Record extracts
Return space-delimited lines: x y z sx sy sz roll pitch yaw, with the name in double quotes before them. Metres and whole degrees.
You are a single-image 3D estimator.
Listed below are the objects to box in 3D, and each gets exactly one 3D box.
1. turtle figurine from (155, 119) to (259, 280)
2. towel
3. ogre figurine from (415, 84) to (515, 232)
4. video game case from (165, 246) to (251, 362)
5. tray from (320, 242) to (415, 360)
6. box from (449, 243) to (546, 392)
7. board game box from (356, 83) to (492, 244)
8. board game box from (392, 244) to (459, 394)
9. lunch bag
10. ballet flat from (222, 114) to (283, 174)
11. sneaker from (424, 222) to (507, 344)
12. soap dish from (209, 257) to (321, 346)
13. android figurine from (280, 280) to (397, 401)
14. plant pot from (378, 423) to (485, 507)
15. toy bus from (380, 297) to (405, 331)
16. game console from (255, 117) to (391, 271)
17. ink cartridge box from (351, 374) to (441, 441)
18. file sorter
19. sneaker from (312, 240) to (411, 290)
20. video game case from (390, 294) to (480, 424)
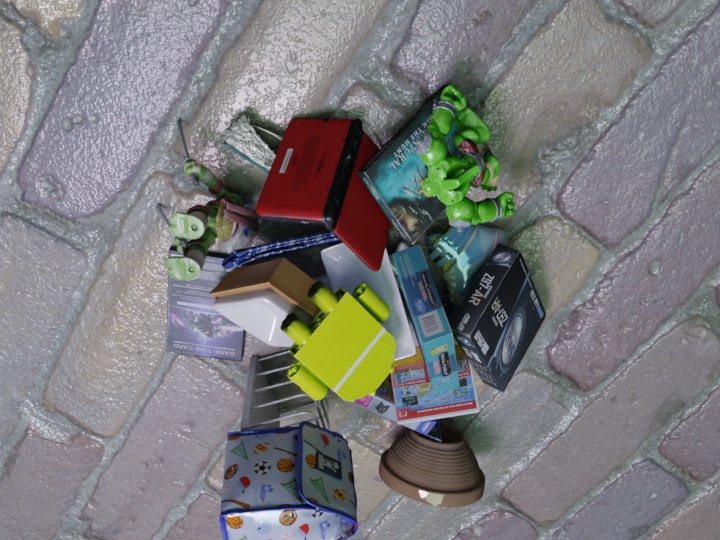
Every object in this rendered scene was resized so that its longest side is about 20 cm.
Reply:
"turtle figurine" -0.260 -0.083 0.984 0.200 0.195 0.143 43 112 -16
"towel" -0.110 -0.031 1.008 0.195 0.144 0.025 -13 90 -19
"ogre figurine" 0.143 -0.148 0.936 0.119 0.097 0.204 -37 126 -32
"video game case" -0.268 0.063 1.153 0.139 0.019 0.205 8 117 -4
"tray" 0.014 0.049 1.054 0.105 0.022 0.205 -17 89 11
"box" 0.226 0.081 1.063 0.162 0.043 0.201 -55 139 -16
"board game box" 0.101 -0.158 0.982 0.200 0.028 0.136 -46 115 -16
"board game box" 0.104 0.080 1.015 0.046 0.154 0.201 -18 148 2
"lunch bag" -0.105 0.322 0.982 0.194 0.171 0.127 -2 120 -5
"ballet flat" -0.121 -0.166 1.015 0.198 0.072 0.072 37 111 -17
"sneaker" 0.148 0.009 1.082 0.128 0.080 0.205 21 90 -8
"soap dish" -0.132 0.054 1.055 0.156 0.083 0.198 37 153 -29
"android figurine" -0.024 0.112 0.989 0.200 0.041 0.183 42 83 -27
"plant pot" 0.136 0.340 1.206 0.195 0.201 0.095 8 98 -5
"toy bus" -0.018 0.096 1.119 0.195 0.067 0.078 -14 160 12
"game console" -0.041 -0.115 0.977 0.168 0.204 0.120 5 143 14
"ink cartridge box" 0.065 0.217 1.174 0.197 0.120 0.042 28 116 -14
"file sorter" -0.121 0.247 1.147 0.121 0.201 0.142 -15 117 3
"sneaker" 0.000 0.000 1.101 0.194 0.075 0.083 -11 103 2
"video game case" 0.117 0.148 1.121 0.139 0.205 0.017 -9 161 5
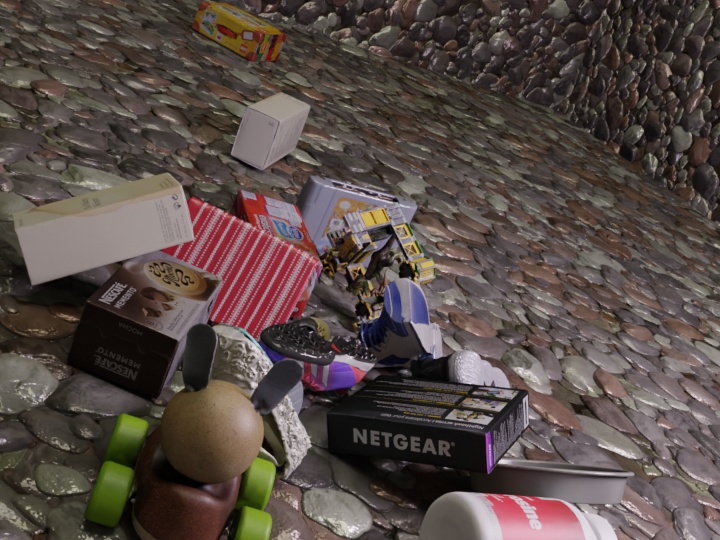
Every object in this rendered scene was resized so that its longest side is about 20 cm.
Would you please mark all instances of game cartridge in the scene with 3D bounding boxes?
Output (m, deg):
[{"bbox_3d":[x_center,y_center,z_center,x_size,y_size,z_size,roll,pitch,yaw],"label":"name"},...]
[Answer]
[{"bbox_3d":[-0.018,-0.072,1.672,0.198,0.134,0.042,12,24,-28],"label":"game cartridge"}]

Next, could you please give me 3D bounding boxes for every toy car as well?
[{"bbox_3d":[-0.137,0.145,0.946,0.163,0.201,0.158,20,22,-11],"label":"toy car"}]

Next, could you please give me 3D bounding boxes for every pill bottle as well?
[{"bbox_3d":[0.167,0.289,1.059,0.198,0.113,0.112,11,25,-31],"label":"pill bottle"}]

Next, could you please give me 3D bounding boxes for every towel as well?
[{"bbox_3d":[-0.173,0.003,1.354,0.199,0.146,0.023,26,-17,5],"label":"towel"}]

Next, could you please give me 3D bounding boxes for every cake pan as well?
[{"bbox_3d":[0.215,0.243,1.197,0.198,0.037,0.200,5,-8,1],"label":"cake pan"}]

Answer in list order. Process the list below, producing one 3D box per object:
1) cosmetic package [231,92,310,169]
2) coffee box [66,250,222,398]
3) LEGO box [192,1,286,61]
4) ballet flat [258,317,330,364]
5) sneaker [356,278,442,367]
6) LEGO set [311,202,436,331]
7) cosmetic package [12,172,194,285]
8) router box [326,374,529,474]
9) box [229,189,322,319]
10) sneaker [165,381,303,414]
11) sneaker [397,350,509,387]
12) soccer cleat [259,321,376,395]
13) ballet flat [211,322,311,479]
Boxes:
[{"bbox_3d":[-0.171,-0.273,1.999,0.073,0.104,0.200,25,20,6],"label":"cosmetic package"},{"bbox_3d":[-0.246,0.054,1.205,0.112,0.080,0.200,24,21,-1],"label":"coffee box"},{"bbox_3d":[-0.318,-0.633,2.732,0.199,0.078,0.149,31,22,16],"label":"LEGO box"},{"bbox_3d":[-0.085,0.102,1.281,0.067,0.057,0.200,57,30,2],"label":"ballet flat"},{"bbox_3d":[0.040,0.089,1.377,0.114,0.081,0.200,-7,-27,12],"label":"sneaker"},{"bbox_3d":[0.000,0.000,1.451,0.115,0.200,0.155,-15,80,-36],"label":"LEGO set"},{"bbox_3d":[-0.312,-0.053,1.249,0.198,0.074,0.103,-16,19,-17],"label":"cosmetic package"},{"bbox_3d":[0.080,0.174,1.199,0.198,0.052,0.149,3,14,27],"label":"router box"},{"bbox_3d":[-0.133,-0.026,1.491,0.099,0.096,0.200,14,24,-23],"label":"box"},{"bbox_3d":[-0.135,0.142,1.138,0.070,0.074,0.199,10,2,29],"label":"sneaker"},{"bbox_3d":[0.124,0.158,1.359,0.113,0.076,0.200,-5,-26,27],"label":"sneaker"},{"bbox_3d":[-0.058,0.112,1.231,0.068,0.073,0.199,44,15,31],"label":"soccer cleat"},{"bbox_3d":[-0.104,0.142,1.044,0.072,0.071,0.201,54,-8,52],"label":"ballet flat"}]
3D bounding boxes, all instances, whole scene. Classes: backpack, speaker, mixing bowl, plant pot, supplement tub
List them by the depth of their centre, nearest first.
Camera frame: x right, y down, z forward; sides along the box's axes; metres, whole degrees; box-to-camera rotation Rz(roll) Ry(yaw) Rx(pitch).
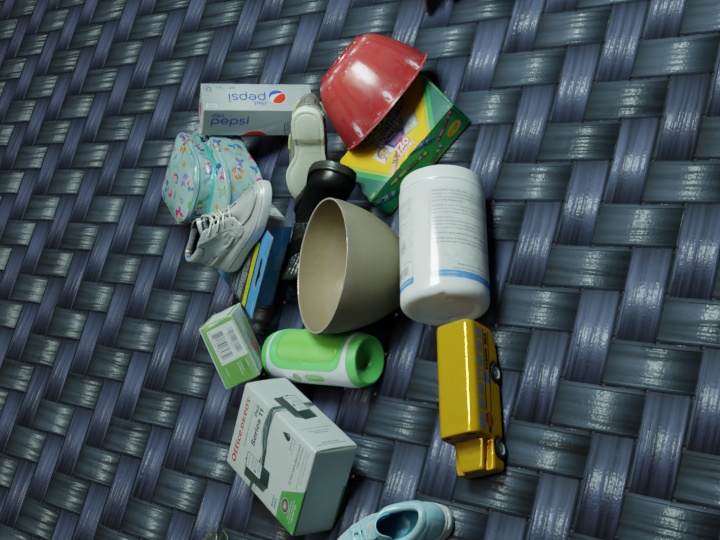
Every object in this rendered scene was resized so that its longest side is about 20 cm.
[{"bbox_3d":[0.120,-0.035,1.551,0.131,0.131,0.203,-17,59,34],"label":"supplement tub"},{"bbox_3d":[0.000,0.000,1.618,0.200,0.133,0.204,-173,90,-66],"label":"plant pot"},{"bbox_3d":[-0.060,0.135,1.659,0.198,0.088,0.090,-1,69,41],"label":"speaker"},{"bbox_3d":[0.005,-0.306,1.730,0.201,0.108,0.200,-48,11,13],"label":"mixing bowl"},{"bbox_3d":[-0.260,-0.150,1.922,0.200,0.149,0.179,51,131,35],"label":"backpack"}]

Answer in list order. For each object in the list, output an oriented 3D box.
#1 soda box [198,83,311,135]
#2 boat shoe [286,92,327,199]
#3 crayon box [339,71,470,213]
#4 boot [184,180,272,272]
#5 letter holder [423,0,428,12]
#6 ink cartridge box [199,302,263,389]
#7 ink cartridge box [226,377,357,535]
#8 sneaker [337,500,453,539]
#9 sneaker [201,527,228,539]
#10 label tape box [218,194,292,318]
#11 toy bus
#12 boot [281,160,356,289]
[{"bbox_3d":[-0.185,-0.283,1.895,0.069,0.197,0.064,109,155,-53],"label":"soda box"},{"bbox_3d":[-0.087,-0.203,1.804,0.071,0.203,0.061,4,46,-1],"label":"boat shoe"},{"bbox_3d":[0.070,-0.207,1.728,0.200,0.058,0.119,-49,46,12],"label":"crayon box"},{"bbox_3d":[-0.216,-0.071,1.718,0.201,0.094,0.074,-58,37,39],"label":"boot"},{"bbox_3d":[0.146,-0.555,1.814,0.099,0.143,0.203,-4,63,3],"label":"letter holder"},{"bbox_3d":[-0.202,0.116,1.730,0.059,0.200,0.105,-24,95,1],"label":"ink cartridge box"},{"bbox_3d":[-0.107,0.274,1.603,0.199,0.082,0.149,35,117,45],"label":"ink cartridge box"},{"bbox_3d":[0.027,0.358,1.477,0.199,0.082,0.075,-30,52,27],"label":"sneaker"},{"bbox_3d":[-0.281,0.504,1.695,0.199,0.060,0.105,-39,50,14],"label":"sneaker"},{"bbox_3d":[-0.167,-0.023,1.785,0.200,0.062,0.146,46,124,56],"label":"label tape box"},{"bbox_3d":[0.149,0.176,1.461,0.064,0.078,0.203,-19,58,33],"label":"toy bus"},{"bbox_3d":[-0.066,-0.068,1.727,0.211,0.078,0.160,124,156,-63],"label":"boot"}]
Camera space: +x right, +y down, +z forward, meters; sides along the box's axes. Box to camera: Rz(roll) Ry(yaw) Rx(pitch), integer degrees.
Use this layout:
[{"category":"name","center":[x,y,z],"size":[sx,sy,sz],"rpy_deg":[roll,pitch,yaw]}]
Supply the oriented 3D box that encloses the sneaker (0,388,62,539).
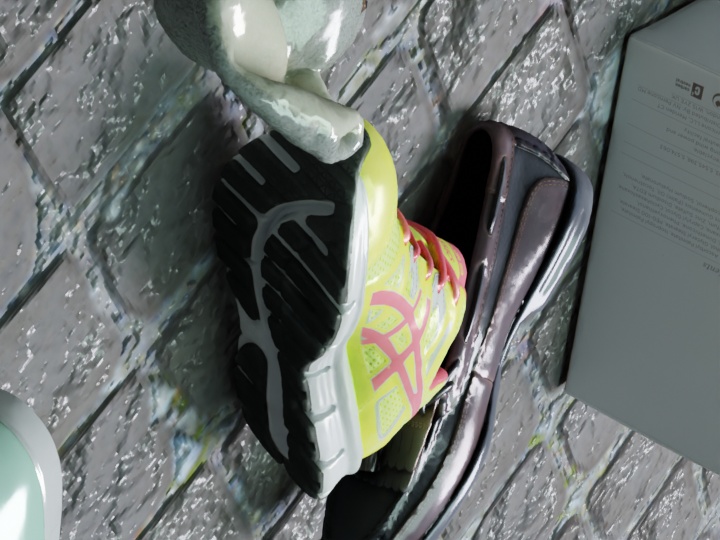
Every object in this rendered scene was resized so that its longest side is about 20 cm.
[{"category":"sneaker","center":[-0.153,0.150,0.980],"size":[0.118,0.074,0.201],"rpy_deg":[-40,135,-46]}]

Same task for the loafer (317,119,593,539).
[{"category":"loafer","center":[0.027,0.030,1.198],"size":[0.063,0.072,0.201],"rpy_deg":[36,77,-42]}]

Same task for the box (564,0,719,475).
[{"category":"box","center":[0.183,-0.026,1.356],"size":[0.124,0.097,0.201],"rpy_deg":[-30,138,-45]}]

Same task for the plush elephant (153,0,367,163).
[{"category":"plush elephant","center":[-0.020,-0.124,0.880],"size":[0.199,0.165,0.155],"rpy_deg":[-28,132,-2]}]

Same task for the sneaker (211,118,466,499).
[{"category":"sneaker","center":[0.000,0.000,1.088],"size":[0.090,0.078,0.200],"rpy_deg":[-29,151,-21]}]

Work item
Give back, exactly as written, the stretch from the line with "10) sneaker [165,381,303,414]" through the line with "13) ballet flat [211,322,311,479]", and no other lines from the records above.

Solution to this task
10) sneaker [165,381,303,414]
11) sneaker [397,350,509,387]
12) soccer cleat [259,321,376,395]
13) ballet flat [211,322,311,479]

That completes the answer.